● WHAT IS REQUIRED
Restate the listing below exactly, images excluded.

● STORED DATA
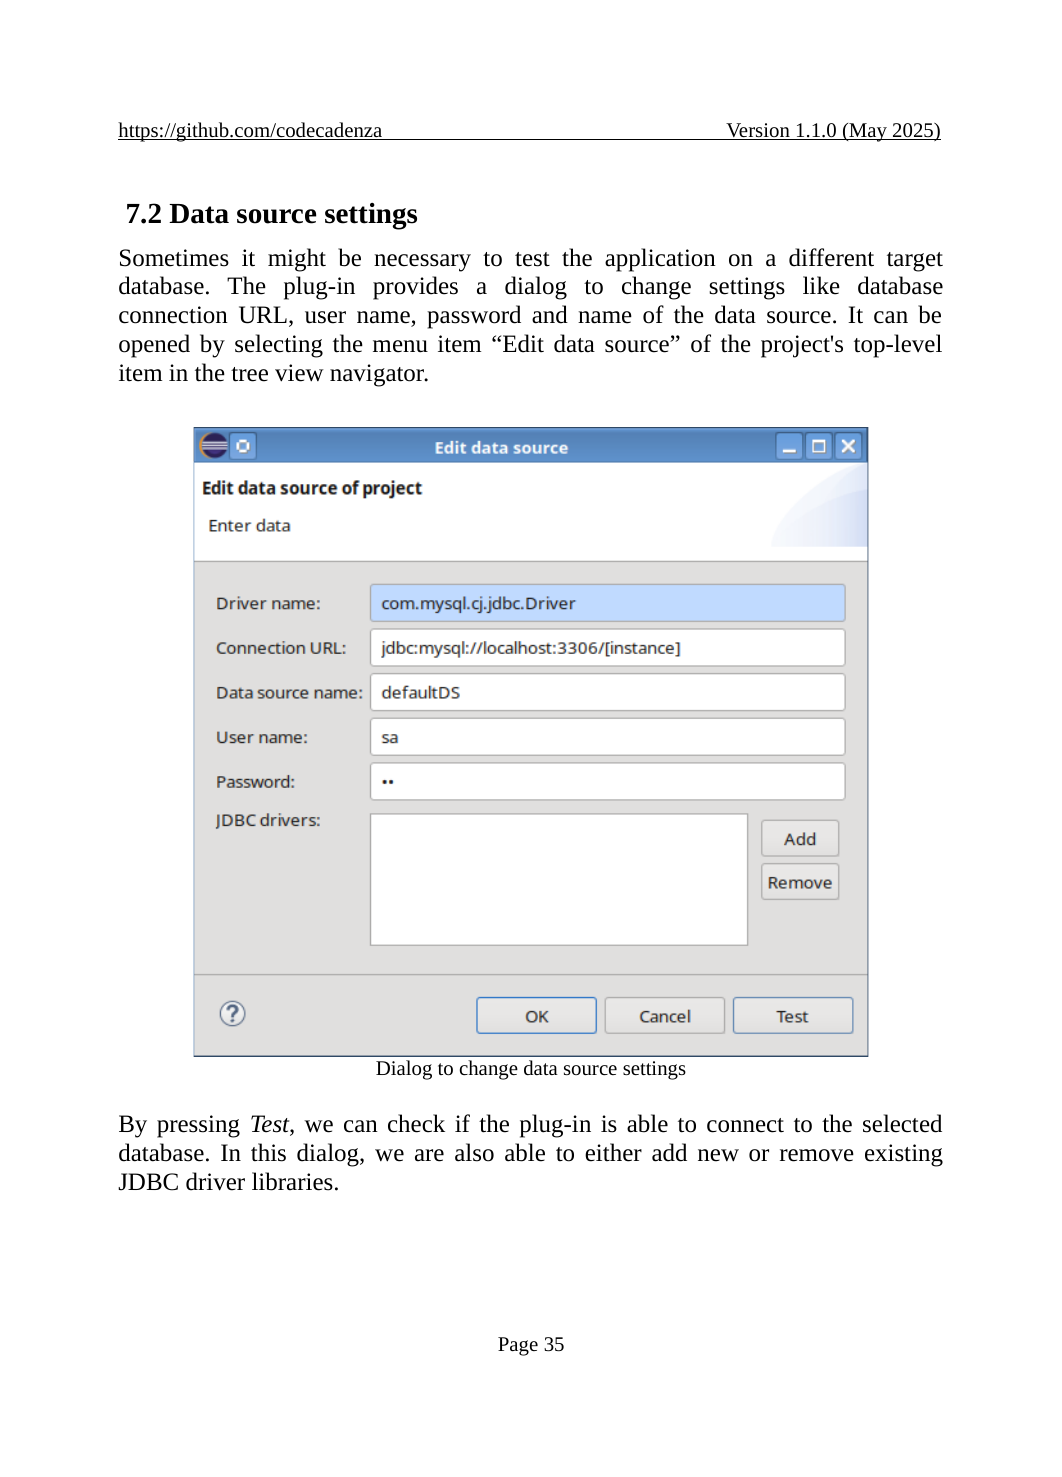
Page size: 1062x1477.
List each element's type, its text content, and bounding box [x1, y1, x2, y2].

text Sometimes it might be necessary to test the application on a different target database. The plug-in provides a dialog to change settings like database connection URL, user name, password and name of the data source. It can be opened by selecting the menu item “Edit data source” of the project's top-level item in the tree view navigator. [118, 243, 944, 386]
picture [193, 427, 869, 1057]
text By pressing Test, we can check if the plug-in is able to connect to the selected database. In this dialog, we are also able to either add new or remove existing JDBC driver libraries. [118, 1109, 944, 1195]
subtitle Data source settings [118, 197, 944, 230]
text Dialog to change data source settings [193, 1057, 868, 1080]

● EXERCISE RESPONSE
Page size: 1062x1477.
List each element's type, its text content, and bounding box [x1, y1, x2, y2].

text Sometimes it might be necessary to test the application on a different target database. The plug-in provides a dialog to change settings like database connection URL, user name, password and name of the data source. It can be opened by selecting the menu item “Edit data source” of the project's top-level item in the tree view navigator. [118, 243, 944, 386]
picture [193, 427, 869, 1057]
text By pressing Test, we can check if the plug-in is able to connect to the selected database. In this dialog, we are also able to either add new or remove existing JDBC driver libraries. [118, 1109, 944, 1195]
subtitle Data source settings [118, 197, 944, 230]
text Dialog to change data source settings [193, 1057, 868, 1080]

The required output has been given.